Requirement: Looking at each line of the data below, tally those that contain the word "first" and give only the total.
─── Provided data ───
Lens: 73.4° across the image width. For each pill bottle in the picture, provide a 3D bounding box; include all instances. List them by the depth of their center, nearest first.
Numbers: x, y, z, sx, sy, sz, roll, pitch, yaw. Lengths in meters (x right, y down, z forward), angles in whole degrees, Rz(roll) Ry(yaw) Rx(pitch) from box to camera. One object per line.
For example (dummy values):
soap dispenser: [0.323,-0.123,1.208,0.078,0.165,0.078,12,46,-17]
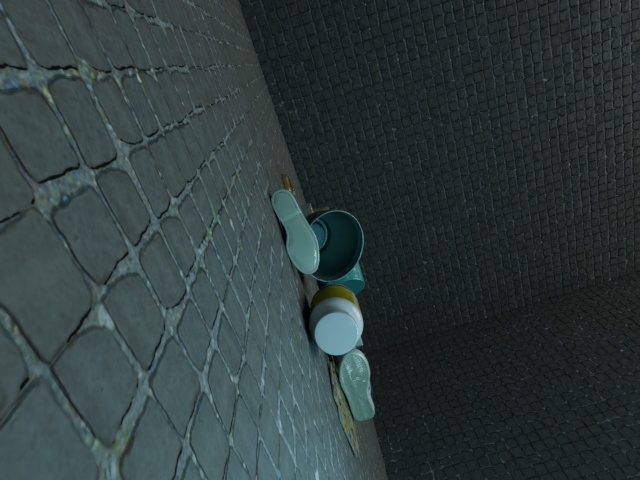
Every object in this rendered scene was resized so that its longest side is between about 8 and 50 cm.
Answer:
pill bottle: [0.052,0.276,1.519,0.334,0.187,0.188,-81,153,-84]

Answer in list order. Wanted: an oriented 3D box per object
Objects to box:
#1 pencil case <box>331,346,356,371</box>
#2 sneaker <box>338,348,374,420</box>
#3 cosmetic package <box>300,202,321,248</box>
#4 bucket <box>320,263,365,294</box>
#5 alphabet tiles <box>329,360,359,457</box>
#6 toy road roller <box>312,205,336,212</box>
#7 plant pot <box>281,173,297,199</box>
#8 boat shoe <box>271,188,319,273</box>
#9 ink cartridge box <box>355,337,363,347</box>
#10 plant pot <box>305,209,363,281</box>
pencil case: [0.090,0.455,1.926,0.273,0.113,0.124,-104,-144,-55]
sneaker: [0.146,0.575,1.795,0.148,0.131,0.351,-92,174,-67]
cosmetic package: [-0.065,-0.048,2.014,0.085,0.117,0.231,-103,176,-67]
bucket: [0.115,0.211,2.480,0.281,0.280,0.183,69,2,-57]
alphabet tiles: [0.094,0.655,1.688,0.285,0.011,0.343,-99,170,-61]
toy road roller: [0.000,0.000,2.293,0.240,0.202,0.330,131,-53,-79]
plant pot: [-0.157,-0.248,2.312,0.236,0.032,0.237,-18,90,-88]
boat shoe: [-0.082,-0.035,1.559,0.099,0.116,0.320,-47,115,-83]
ink cartridge box: [0.133,0.488,2.313,0.275,0.060,0.239,113,-34,-60]
plant pot: [0.005,0.002,1.781,0.196,0.292,0.293,25,-41,57]
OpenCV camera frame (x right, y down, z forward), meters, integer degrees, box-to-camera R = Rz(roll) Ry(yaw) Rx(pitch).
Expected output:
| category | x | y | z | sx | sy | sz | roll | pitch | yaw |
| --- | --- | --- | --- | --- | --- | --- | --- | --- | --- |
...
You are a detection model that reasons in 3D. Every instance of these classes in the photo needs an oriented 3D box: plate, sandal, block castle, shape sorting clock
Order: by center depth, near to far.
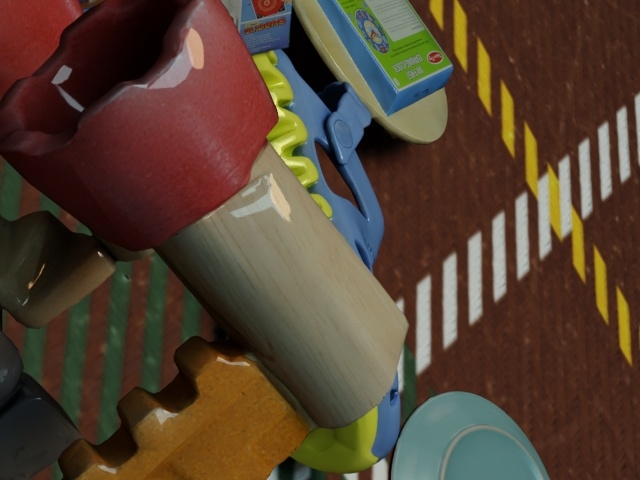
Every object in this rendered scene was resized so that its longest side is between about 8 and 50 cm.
| category | x | y | z | sx | sy | sz | roll | pitch | yaw |
| --- | --- | --- | --- | --- | --- | --- | --- | --- | --- |
| block castle | -0.223 | 0.069 | 0.614 | 0.453 | 0.303 | 0.213 | -43 | 119 | -7 |
| sandal | 0.000 | 0.000 | 1.131 | 0.138 | 0.126 | 0.317 | 0 | 74 | -50 |
| plate | 0.125 | 0.201 | 1.233 | 0.188 | 0.024 | 0.188 | 21 | 58 | -39 |
| shape sorting clock | 0.033 | -0.163 | 1.274 | 0.206 | 0.040 | 0.206 | 40 | 29 | -28 |

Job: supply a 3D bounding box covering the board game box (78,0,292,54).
| category | x | y | z | sx | sy | sz | roll | pitch | yaw |
| --- | --- | --- | --- | --- | --- | --- | --- | --- | --- |
| board game box | -0.113 | -0.157 | 1.012 | 0.201 | 0.136 | 0.035 | -13 | 54 | -18 |
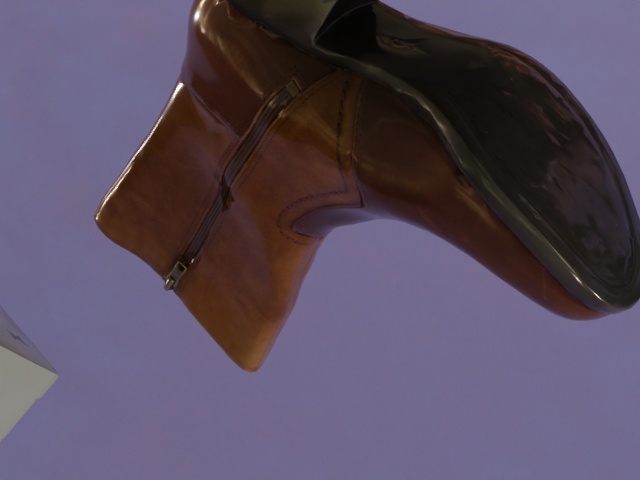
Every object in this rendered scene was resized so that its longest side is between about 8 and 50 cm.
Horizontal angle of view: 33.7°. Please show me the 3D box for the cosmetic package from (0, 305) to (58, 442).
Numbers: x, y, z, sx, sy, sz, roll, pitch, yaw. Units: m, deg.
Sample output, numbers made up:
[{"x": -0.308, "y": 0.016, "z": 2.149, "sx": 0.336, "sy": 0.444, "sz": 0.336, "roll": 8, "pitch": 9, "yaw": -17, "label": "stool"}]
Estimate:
[{"x": -0.362, "y": 0.071, "z": 0.633, "sx": 0.284, "sy": 0.097, "sz": 0.377, "roll": -49, "pitch": -128, "yaw": -5, "label": "cosmetic package"}]

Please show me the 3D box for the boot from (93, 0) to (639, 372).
[{"x": 0.000, "y": 0.000, "z": 0.563, "sx": 0.264, "sy": 0.280, "sz": 0.096, "roll": 40, "pitch": -135, "yaw": 5, "label": "boot"}]
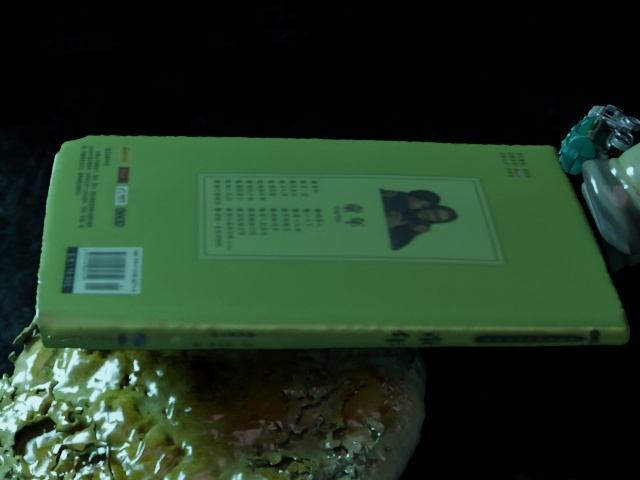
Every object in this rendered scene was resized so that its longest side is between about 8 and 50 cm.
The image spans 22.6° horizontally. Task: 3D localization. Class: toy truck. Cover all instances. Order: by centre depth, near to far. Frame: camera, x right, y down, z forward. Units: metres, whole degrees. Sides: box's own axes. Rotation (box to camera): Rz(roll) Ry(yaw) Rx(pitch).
[{"bbox_3d":[0.194,-0.068,1.117,0.044,0.039,0.083,30,28,8],"label":"toy truck"}]

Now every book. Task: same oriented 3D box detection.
[{"bbox_3d":[0.000,0.000,1.024,0.352,0.035,0.239,1,29,-5],"label":"book"}]

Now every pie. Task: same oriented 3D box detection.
[{"bbox_3d":[-0.071,0.097,0.983,0.274,0.055,0.274,-4,43,3],"label":"pie"}]

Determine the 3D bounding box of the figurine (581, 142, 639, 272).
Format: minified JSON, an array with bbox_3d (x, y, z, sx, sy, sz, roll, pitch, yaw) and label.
[{"bbox_3d":[0.354,-0.062,1.001,0.380,0.248,0.203,-13,53,9],"label":"figurine"}]
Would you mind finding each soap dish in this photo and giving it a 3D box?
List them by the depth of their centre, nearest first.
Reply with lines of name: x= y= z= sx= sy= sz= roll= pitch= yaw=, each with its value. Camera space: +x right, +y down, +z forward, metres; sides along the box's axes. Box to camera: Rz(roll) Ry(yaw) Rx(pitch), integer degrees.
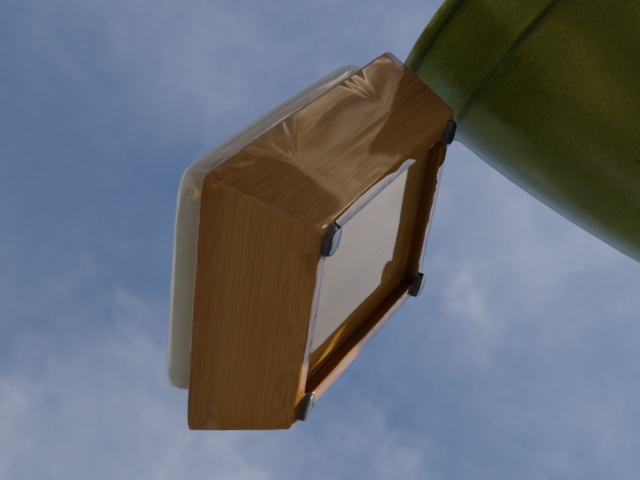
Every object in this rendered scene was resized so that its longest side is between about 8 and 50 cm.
soap dish: x=0.000 y=0.000 z=0.871 sx=0.118 sy=0.291 sz=0.228 roll=22 pitch=-56 yaw=20

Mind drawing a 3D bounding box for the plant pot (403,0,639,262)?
plant pot: x=0.327 y=-0.145 z=1.044 sx=0.366 sy=0.366 sz=0.353 roll=-44 pitch=-100 yaw=4
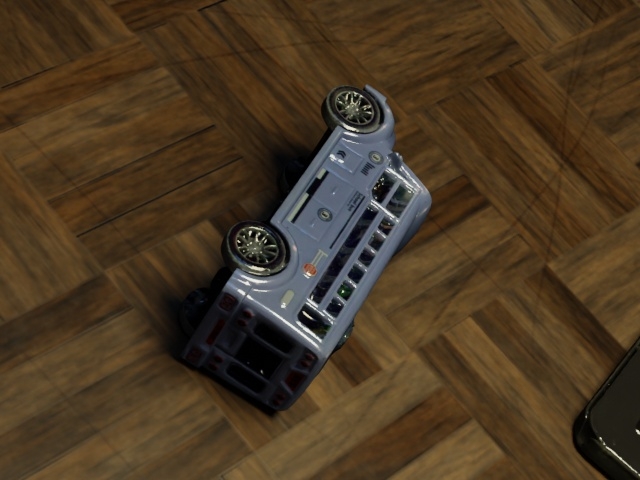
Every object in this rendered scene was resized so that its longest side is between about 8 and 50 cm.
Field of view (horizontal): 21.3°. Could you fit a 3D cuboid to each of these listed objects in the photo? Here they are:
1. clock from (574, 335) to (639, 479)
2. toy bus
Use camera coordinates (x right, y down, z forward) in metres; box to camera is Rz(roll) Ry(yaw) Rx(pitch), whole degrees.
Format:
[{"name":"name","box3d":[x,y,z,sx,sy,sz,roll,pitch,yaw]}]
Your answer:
───
Written answer: 2